Ne pas livrer un logement à la date convenue peut coûter cher

Jugements

La Régie du logement a retenu une partie de la réclamation de 4120 $ demandée par des locataires qui n’ont pas pu entrer à leur nouvelle adresse avant 16 h le 1er mai. Leur déménagement fut particulièrement compliqué et le logement n’était pas encore habitable.


Ils devaient prendre possession des lieux dès le 26 avril, mais la locatrice a repoussé la date au 1er mai, car les travaux convenus n’étaient pas exécutés. La toilette n’a été installée que le 2 mai vers 14 h. La porte d’entrée, non sécuritaire, n’avait pas été remplacée, tel qu’entendu dans le bail. Des moulures étaient manquantes, de même que le tapis. Le va-et-vient d’ouvriers a dérangé.

De plus, les locataires ont dû louer un deuxième camion (110 $), car celui de leur ami n’était plus disponible après 15 h. Ils incluent dans leur réclamation 310 $ en salaire pour avoir dû s’absenter du travail pendant deux jours pour déménager, ainsi que 3000 $ pour dommages moraux.

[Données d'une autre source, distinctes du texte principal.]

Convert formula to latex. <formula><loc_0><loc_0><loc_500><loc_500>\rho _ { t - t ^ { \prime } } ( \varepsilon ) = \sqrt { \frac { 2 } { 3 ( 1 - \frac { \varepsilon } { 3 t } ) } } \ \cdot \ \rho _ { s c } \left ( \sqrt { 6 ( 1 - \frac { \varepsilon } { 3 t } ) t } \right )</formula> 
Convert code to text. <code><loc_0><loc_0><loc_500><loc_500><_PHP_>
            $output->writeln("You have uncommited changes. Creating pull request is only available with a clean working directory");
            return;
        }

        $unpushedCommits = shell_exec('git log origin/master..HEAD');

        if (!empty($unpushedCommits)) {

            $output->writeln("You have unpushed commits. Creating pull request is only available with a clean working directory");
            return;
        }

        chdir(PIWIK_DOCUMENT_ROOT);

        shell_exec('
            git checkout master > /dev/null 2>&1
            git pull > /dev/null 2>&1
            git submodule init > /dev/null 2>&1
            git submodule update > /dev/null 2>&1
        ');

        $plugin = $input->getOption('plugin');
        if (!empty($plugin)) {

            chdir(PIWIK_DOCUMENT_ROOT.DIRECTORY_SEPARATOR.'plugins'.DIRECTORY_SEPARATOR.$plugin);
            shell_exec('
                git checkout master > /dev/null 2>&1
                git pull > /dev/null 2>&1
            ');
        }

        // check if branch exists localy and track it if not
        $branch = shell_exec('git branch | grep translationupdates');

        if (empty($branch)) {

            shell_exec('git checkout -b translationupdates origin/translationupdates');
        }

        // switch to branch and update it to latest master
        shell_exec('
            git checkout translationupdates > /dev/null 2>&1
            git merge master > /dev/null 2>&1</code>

Le récent jugement rappelle que « le locateur est tenu de délivrer au locataire le bien loué en bon état de réparation de toute espèce et de lui en procurer la jouissance paisible pendant toute la durée du bail ».

Le juge administratif condamne donc la locatrice à verser à ses locataires 1250 $. Seule l’indemnité de salaire de la deuxième journée de déménagement leur est accordée. Quant aux dommages moraux de 3000 $, ils sont réduits à 750 $.